▸ **Assignment**
Copy nothing but the lines from the one containing "- car <box>166,197,176,203</box>" through the last line of the records, repeated exactly and without pictures.

(Data entries)
+-------+

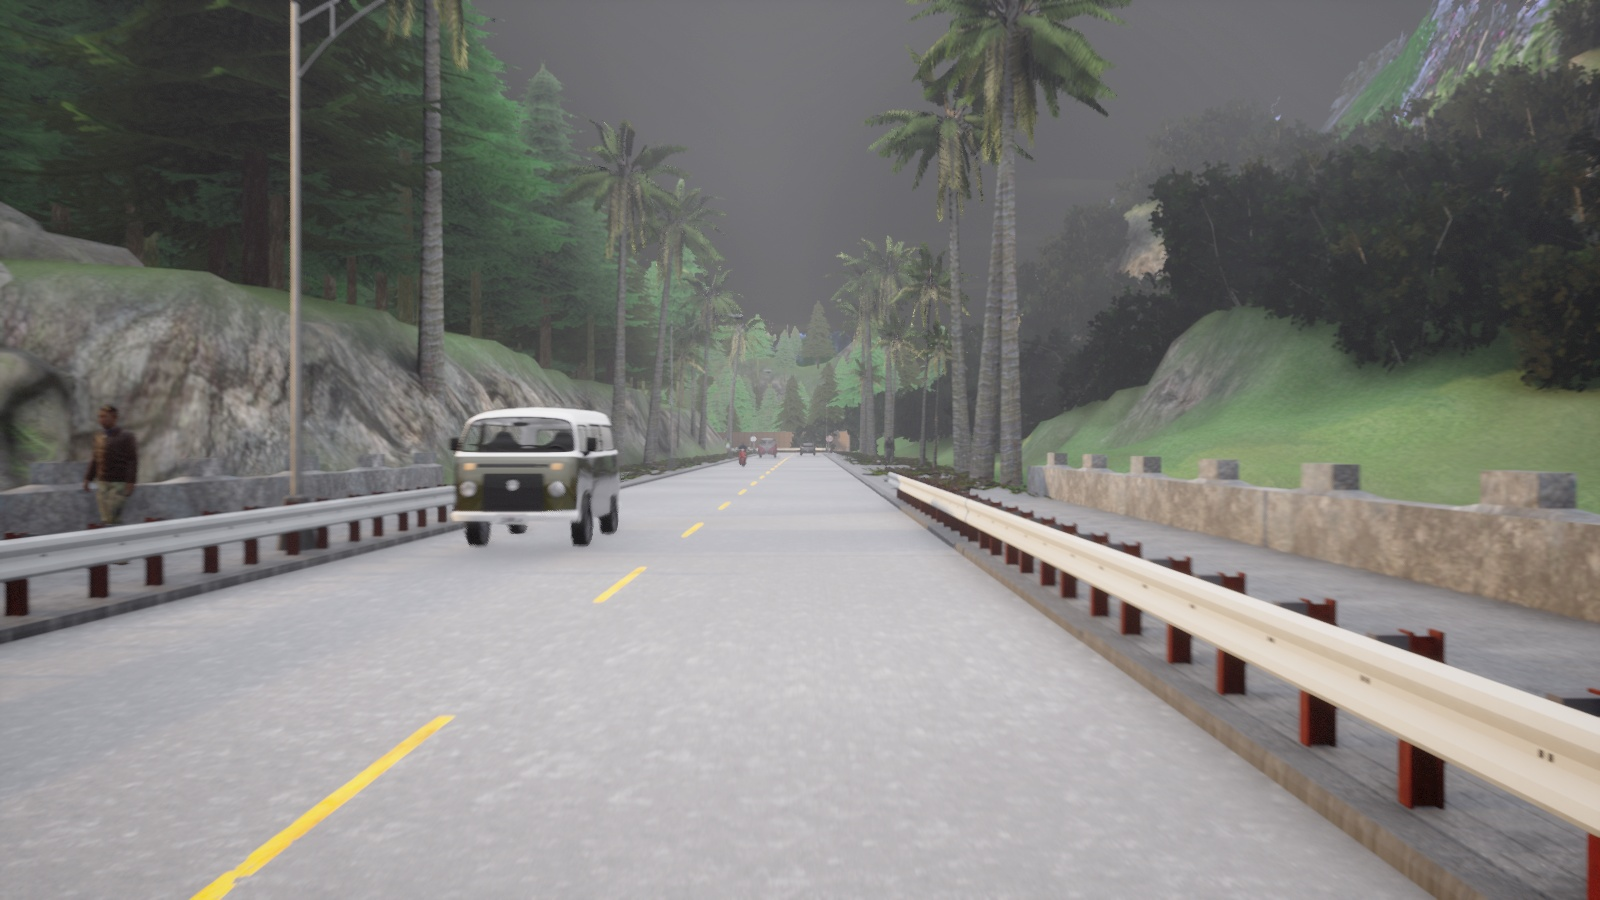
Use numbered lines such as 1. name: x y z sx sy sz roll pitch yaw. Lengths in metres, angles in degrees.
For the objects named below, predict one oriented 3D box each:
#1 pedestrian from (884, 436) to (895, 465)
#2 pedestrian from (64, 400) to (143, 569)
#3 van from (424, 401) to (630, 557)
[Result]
1. pedestrian: 5.827 -0.001 81.938 0.563 1.883 0.849 0 0 -6
2. pedestrian: -7.796 0.372 14.075 0.431 1.840 0.703 0 0 10
3. van: -3.879 0.363 18.682 2.069 2.038 4.480 0 0 0
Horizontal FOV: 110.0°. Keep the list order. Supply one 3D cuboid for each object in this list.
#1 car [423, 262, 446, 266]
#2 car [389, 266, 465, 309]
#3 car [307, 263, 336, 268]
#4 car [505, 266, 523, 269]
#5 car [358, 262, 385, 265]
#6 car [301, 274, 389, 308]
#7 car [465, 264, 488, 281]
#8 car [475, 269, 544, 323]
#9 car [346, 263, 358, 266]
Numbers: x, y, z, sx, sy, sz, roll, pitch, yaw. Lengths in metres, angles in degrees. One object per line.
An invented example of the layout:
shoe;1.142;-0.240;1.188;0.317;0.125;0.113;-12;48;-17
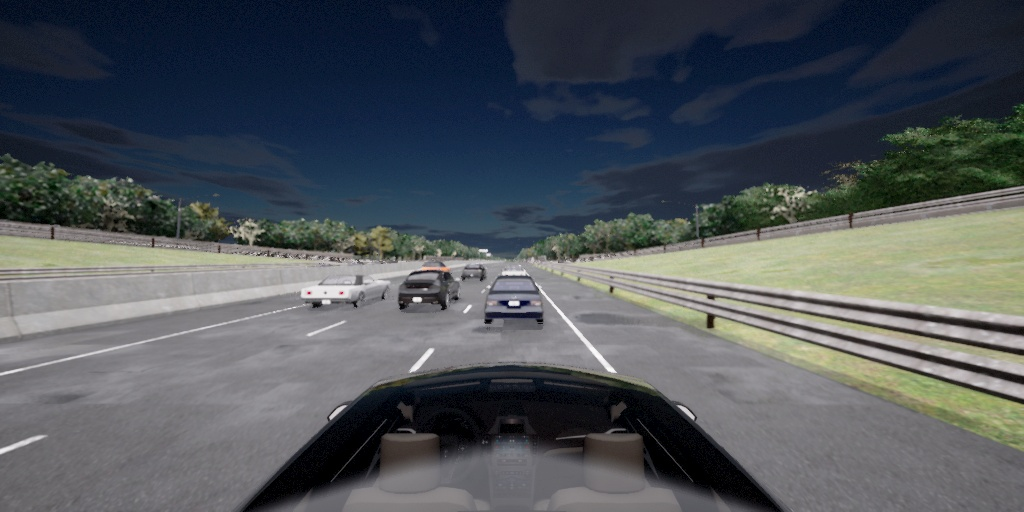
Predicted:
car;-6.827;1.281;32.209;2.097;1.767;4.553;0;0;0
car;-3.401;1.335;15.360;1.837;1.490;4.892;0;0;0
car;-24.431;1.613;46.291;1.895;1.301;4.718;0;0;0
car;0.168;1.521;30.724;1.895;1.301;4.718;0;0;0
car;-17.437;1.514;45.937;1.837;1.490;4.892;0;0;0
car;-6.897;1.432;15.583;1.895;1.301;4.718;0;0;0
car;-3.325;1.421;32.403;2.128;1.511;4.902;0;0;0
car;0.077;1.360;12.357;2.033;1.411;5.357;0;0;1
car;-20.921;1.584;47.590;1.994;1.385;4.181;0;0;1
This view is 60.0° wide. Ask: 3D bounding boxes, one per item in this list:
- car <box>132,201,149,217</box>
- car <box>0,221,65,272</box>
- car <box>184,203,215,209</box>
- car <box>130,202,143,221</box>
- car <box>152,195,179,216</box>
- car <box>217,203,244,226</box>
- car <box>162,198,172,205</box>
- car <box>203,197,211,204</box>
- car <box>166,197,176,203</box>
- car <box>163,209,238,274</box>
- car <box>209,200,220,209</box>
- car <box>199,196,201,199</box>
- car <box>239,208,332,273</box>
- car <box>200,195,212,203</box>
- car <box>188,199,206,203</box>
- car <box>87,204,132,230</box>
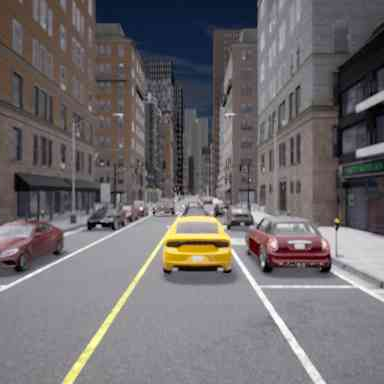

+-------+

▸ **Result for this task**
- car <box>166,197,176,203</box>
- car <box>163,209,238,274</box>
- car <box>209,200,220,209</box>
- car <box>199,196,201,199</box>
- car <box>239,208,332,273</box>
- car <box>200,195,212,203</box>
- car <box>188,199,206,203</box>
- car <box>87,204,132,230</box>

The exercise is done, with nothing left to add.